We made it home, running on adrenaline and in Nellie's case, serious medication. We got her somewhat settled on the couch, which worked for part of a night before it was too painful for her heel (we discovered weeks later it had ulcers from too much cast pressure). We moved her into the chair, where she slept for the next eight weeks; the first two weeks one of us slept on the couch to be nearby. In all this came little waves of horror. I kept replaying the moment she fell of the sled in my mind, no matter how hard I tried not to. What if she'd hit her head instead? What if the sled had just gone a couple feet to the side and it had never happened? The look on her face as her eyes searched mine for some ounce of comfort still haunts me. I suppose it was a reminder more than a new discovery, but this broken leg was one of those defining moments when you recognize that there's really very little you can do to protect your children, and one second can change you for good. And we all have to live knowing that every day.
It was so good to see Nellie smile in those first days! This chair, with four pillows and two blankets arranged just right, would be her seat and bed for eight weeks.
Stage 4: Logistics, learning, and growth. We learned so much. We learned about orthopedic medicine, splits, casts, and how to adjust and navigate wheelchairs. We learned how to get in and out of large vehicles, which was no small feat. We learned what worked to sleep and bathe. A strange form of muscle memory set in and I drew from my experience caring for a girl about Nellie's age with cerebral palsy for two summers while I was in college. We learned, eventually, how to ease Nellie's pain and discomfort, which waxed and waned through different activities and new casts. We learned how to navigate school dropoff and pickup and Nellie learned how to do school from a wheelchair. Nellie would miss nearly a week and a half of school. We learned how to function when we lost our "big kid" helper and she became the one in need of the most care.

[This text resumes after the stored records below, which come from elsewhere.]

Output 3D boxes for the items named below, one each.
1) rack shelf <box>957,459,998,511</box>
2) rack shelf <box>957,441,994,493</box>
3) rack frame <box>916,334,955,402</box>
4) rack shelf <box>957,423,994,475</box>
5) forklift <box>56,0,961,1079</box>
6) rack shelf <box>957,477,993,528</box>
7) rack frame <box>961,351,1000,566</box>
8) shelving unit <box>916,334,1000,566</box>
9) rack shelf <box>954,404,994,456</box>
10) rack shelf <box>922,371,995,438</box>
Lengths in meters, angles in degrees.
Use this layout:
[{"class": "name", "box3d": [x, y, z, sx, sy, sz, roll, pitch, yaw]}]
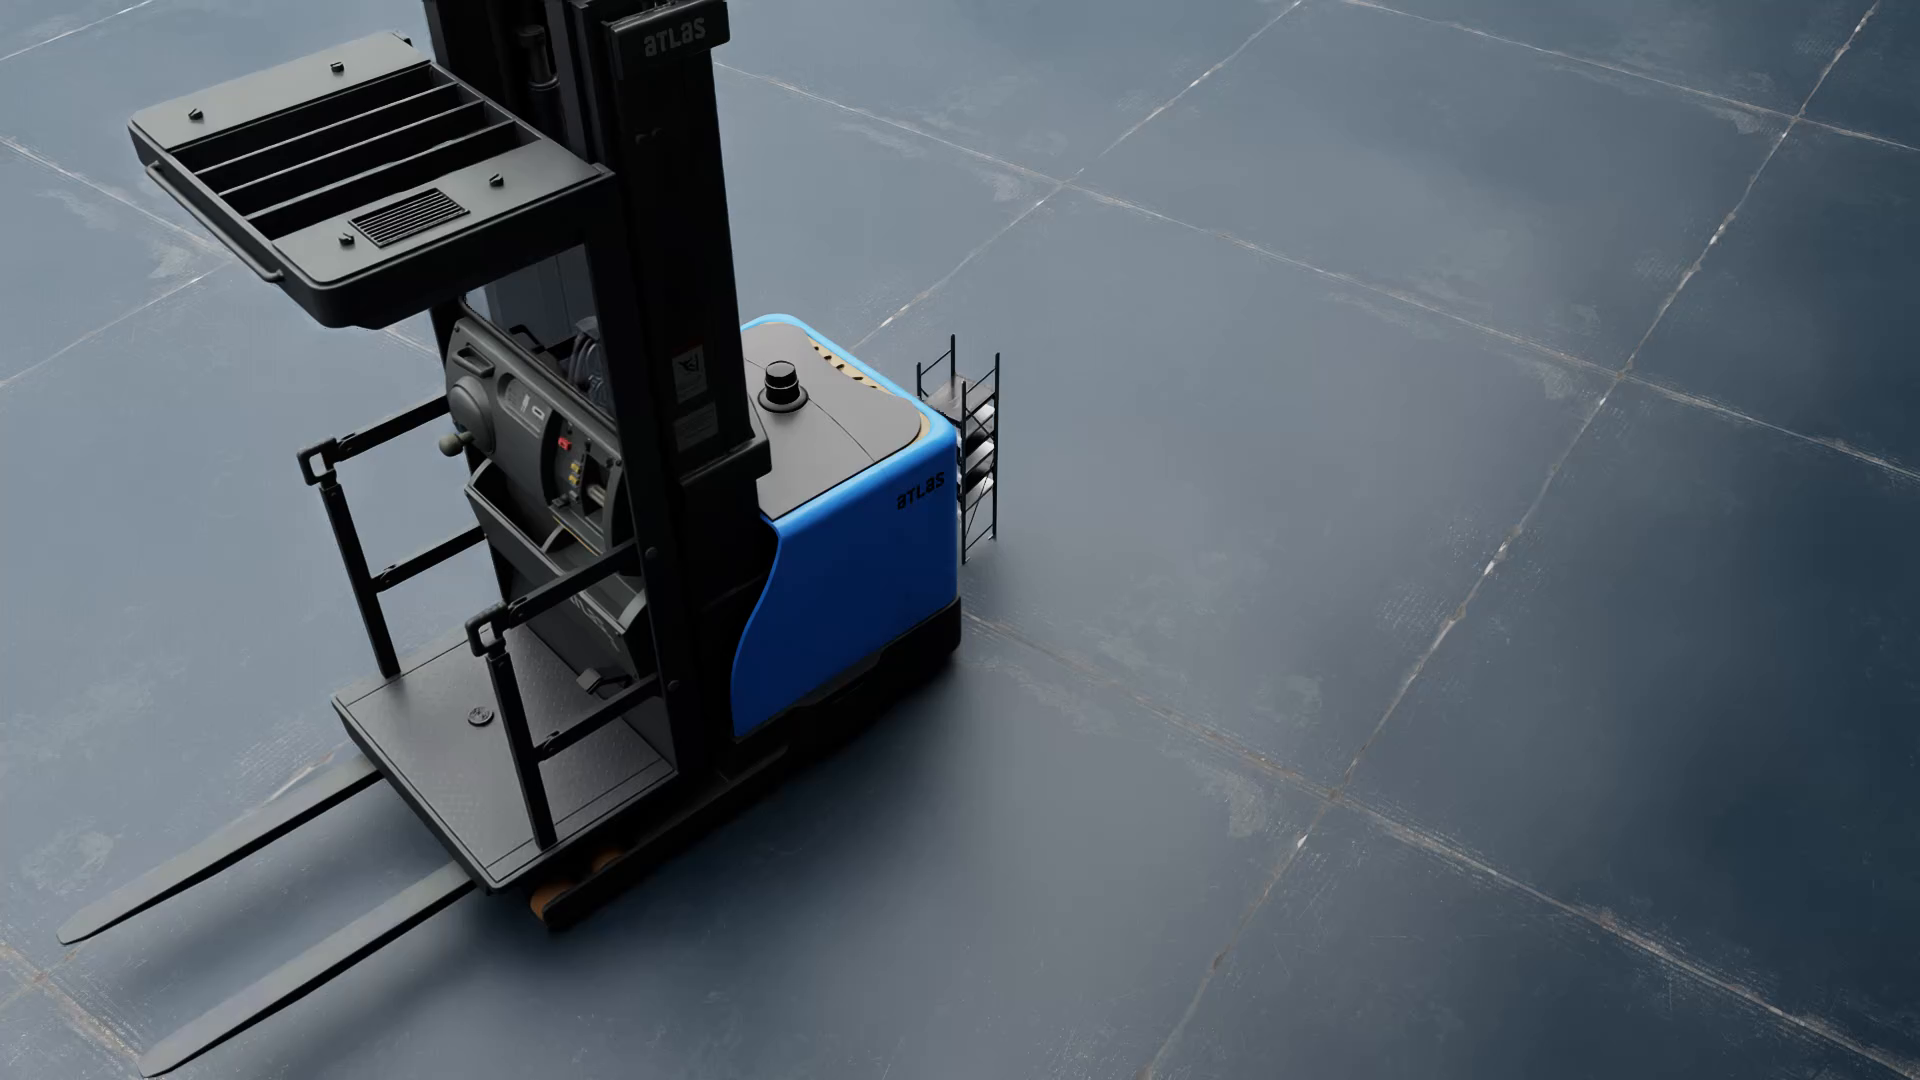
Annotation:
[{"class": "rack shelf", "box3d": [-0.007, -0.247, 6.536, 0.200, 0.077, 0.258, 25, 48, 25]}, {"class": "rack shelf", "box3d": [-0.007, -0.314, 6.476, 0.200, 0.077, 0.258, 25, 48, 25]}, {"class": "rack frame", "box3d": [-0.090, -0.377, 6.497, 0.006, 0.900, 0.240, 25, 48, 25]}, {"class": "rack shelf", "box3d": [-0.007, -0.381, 6.416, 0.200, 0.077, 0.258, 25, 48, 25]}, {"class": "forklift", "box3d": [-1.421, -0.246, 4.827, 3.031, 2.935, 1.130, -32, 51, -30]}, {"class": "rack shelf", "box3d": [-0.007, -0.179, 6.596, 0.200, 0.077, 0.258, 25, 48, 25]}, {"class": "rack frame", "box3d": [0.077, -0.300, 6.410, 0.006, 0.900, 0.240, 25, 48, 25]}, {"class": "shelving unit", "box3d": [-0.007, -0.338, 6.453, 0.210, 0.900, 0.258, 25, 48, 25]}, {"class": "rack shelf", "box3d": [-0.007, -0.448, 6.356, 0.200, 0.077, 0.258, 25, 48, 25]}, {"class": "rack shelf", "box3d": [-0.007, -0.515, 6.296, 0.200, 0.077, 0.258, 25, 48, 25]}]

First meal at the table, over two weeks after the accident
I knew from that first morning after that Nellie's broken leg was changing me. As I mentioned, it added this strange fear/trust dichotomy--there's so much fear in knowing that your kids will face difficulty that you can't control or fix that the only way to survive it is to trust that God will equip you to walk through it. And that's what He did. My prayer was basically God, please help me. I don't know how to do this. Please be with me and help me to be the kind of mom Nellie needs.

And He did. At school, we've been talking for a few years about formational learning experiences. I got a first-hand look at what it feels like to be formed in a hurry. Caring for Nellie has required me to be better than I am--more patient, calmer, stronger physically and emotionally, and certainly more empathetic to parents of children with disabilities that don't heal. Early on, there were many times I didn't think we'd survive eight weeks. If I'm being honest, I was afraid Nellie and I might kill each other. Let's just say that a strong-willed preteen in pain plus a no-nonsense mom isn't a great combination. But even in those moments--maybe especially in those moments--there was a sweetness, a strange bending of time in which I was again taking care of my Nellie-baby. I've never been particularly sentimental about parenting; this was new. Nellie had been in a phase where I'd have to use a sneak attack just to hug her, and there we were, in a near-constant state of physical and emotional closeness. Even in the middle of that stage with all its challenges, I already missed it.

I hope and pray that our family is done with broken bones and injuries for a long time. But I also recognize the ways in which we are changed as a family and changed as individuals. It's just another chapter in our story, one that in the end, I'm grateful for.